1. A group of microorganisms comprising: a) a strain of Bacillus sp. K03B01, deposited in the Chilean Collection of Microbial Genetic Resources (CChRGM) with access number 2934; b) a strain of Lactobacillus sp. K03D08, deposited in the Chilean Collection of Microbial Genetic Resources (CChRGM) with access number RGM2950; and c) a strain of Kazachstania sp. K03K02G, deposited in the Chilean Collection of Microbial Genetic Resources (CChRGM) with access number 2935.

2. A composition for producing a dairy derivative with a casein content of less than 0.5% w/v and containing short-chain fatty acids and hydroxylated short-chain fatty acids comprising: a) a first composition comprising the Bacillus sp. K03B01 strain according to claim 1 and excipients acceptable in the food industry; b) a second composition comprising the Lactobacillus sp. K03D08 strain according to claim 1; and the Kazachstania sp.

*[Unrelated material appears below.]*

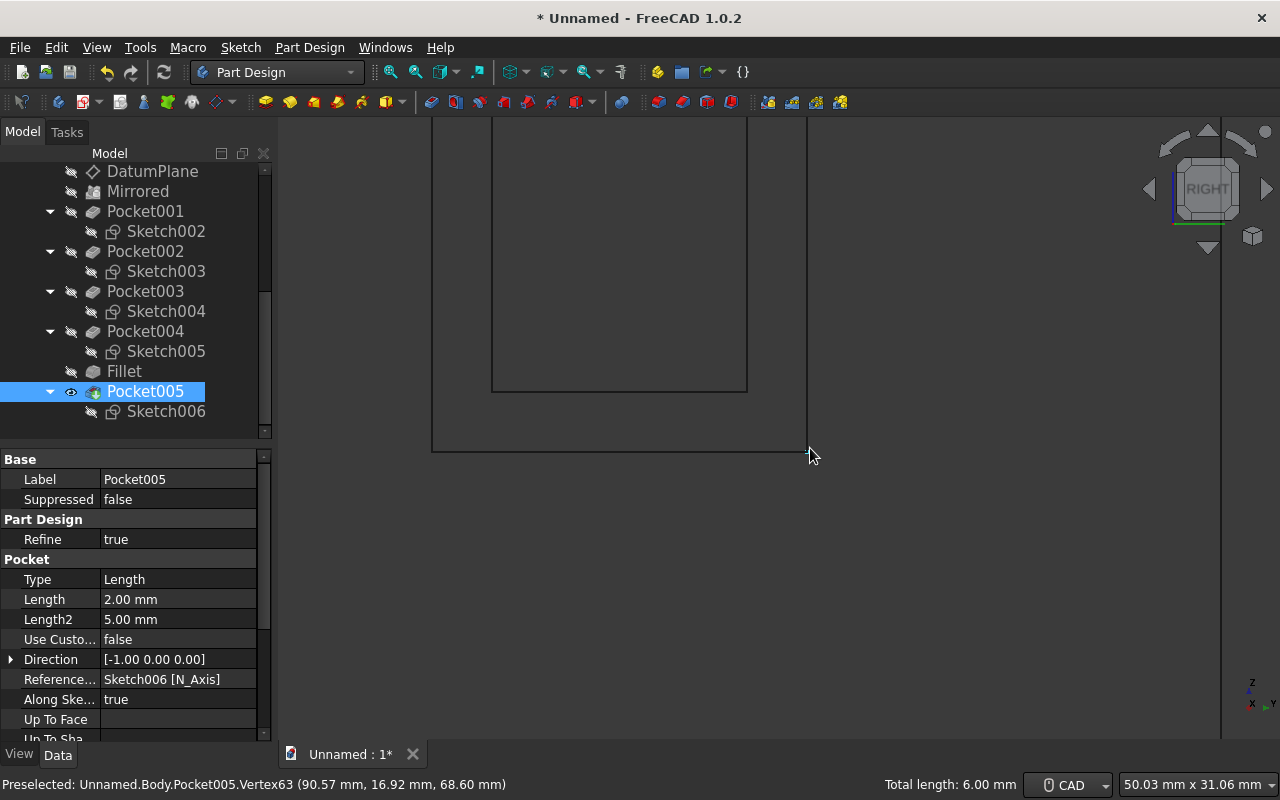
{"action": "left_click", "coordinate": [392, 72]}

K03K02G strain according to claim 1 and excipients acceptable in the food industry.

3. A method of producing the composition of microorganisms according to claim 2 comprising: a) cultivating the Bacillus sp. K03B01 strain between 12 and 96 h, with agitation between 5 and 300 rpm and a temperature between 20° C. and 37° C. in a culture medium containing skim milk; b) cultivating the Lactobacillus sp. K03D08 between 12 and 96 h, with agitation between 5 and 300 rpm and a temperature between 20° C. and 37° C. in a suitable microbiological culture medium; c) cultivating the Kazachstania sp. K03K02G between 12 and 96 h, with agitation between 5 and 300 rpm and a temperature between 20° C. and 37° C. in a suitable microbiological culture medium; d) carrying out centrifuge of each culture of microorganisms between 1,000 and 4,000 rpm for 5-30 min at 4-25° C.; e) discarding the supernatant and suspend the microbial cells in the same volume of physiological serum (NaCl 0.9% w/v); f) quantifying the optical density of the microbial cell suspensions at a wavelength of 600 nm; g) preparing a first composition comprising the Bacillus sp. K03B01 strain; and h) preparing a second composition comprising the Lactobacillus sp. K03D08 strain and comprising the Kazachstania sp. K03K02G strain in a 1:1 ratio, respectively.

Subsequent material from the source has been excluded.